**Problem to work on**
Transcribe the listing below only from the line with "53) advertising banners" up to and including the line with "54) traffic sign".

**Data shown**
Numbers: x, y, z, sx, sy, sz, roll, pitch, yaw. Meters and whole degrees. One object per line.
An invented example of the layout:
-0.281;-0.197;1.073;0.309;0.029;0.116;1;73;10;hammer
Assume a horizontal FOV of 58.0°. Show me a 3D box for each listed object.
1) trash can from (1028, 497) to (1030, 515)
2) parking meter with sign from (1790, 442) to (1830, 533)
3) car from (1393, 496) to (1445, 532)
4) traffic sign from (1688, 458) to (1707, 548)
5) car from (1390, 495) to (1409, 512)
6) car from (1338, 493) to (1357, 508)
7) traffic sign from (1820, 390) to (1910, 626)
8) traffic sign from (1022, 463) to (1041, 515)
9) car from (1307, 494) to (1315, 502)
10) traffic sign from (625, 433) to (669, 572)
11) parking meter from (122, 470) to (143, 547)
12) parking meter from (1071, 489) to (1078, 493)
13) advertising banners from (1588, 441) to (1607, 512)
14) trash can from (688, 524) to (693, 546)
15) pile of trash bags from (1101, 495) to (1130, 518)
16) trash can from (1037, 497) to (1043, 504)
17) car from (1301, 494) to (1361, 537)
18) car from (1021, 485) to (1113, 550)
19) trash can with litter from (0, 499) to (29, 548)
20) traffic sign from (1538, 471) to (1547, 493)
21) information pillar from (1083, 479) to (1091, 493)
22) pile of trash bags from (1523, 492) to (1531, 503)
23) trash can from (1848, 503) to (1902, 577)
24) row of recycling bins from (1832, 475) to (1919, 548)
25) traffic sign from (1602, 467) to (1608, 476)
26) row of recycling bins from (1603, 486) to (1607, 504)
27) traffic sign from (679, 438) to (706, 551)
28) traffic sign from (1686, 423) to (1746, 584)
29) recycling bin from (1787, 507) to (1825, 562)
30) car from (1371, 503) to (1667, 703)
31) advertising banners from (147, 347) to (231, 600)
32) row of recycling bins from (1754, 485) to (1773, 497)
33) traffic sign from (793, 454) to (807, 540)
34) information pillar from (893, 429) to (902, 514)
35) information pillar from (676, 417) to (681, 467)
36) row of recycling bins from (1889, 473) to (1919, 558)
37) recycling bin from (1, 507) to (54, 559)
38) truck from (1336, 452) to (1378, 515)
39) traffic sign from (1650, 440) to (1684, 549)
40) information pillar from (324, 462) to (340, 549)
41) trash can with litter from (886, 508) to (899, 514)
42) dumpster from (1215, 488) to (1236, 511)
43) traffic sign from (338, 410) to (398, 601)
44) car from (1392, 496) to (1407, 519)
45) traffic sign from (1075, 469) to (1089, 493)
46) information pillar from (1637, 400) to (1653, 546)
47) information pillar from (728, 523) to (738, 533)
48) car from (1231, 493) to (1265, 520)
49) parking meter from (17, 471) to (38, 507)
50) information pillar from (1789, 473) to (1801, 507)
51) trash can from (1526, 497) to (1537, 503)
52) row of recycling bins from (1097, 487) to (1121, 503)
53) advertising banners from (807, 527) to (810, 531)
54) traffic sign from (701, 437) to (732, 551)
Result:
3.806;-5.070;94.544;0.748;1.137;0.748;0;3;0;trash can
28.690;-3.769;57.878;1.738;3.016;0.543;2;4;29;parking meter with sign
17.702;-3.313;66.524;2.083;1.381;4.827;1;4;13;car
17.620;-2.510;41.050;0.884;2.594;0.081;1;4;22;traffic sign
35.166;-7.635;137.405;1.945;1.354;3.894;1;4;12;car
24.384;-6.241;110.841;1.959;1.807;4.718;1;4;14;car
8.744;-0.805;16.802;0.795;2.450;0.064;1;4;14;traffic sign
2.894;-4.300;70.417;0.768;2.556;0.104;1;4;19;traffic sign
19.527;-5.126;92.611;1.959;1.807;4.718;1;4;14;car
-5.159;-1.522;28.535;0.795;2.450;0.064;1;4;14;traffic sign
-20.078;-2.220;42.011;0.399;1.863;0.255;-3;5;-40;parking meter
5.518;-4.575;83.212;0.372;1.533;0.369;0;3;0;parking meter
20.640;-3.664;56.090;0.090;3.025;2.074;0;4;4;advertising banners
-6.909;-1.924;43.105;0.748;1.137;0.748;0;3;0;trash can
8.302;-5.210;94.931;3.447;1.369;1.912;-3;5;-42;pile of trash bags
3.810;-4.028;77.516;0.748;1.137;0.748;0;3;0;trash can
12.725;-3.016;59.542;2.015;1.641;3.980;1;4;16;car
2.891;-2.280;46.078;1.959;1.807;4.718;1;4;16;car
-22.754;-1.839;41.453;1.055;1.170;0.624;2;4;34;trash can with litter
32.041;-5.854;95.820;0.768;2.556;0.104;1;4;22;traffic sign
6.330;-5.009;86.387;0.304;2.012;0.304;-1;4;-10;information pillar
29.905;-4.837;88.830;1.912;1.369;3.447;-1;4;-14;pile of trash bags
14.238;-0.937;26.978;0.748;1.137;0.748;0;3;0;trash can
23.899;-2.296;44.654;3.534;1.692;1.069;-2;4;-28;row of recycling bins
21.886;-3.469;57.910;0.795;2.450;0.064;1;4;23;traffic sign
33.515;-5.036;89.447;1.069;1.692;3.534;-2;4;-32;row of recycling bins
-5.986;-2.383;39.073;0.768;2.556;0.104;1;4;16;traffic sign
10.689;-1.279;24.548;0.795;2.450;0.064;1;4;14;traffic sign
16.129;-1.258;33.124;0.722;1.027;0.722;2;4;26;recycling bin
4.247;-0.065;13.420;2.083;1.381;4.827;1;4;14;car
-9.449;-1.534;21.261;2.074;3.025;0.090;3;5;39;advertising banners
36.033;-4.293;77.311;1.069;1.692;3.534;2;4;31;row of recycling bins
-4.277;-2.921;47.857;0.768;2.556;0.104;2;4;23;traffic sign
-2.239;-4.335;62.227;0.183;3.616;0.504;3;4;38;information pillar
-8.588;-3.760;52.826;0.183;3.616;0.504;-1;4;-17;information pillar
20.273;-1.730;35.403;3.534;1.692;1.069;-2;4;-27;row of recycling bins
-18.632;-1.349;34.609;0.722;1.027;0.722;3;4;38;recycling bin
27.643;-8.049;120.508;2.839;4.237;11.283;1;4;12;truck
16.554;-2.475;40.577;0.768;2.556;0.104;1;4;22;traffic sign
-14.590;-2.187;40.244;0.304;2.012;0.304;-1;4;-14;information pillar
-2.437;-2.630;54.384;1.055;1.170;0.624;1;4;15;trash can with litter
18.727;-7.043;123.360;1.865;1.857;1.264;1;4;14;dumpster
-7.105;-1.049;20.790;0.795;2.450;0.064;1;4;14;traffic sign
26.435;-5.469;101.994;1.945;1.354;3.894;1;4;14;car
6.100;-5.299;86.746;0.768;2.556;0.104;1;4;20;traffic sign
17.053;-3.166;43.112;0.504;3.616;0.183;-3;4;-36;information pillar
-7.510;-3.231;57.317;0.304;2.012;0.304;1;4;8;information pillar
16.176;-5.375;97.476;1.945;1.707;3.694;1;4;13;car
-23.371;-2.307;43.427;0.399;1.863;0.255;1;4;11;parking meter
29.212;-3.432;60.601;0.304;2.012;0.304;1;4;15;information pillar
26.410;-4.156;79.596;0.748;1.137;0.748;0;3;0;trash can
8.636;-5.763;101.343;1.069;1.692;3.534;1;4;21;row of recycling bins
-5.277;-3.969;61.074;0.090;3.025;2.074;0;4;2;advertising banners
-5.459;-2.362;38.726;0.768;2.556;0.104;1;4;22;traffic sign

**Response to the exercise**
53) advertising banners from (807, 527) to (810, 531)
54) traffic sign from (701, 437) to (732, 551)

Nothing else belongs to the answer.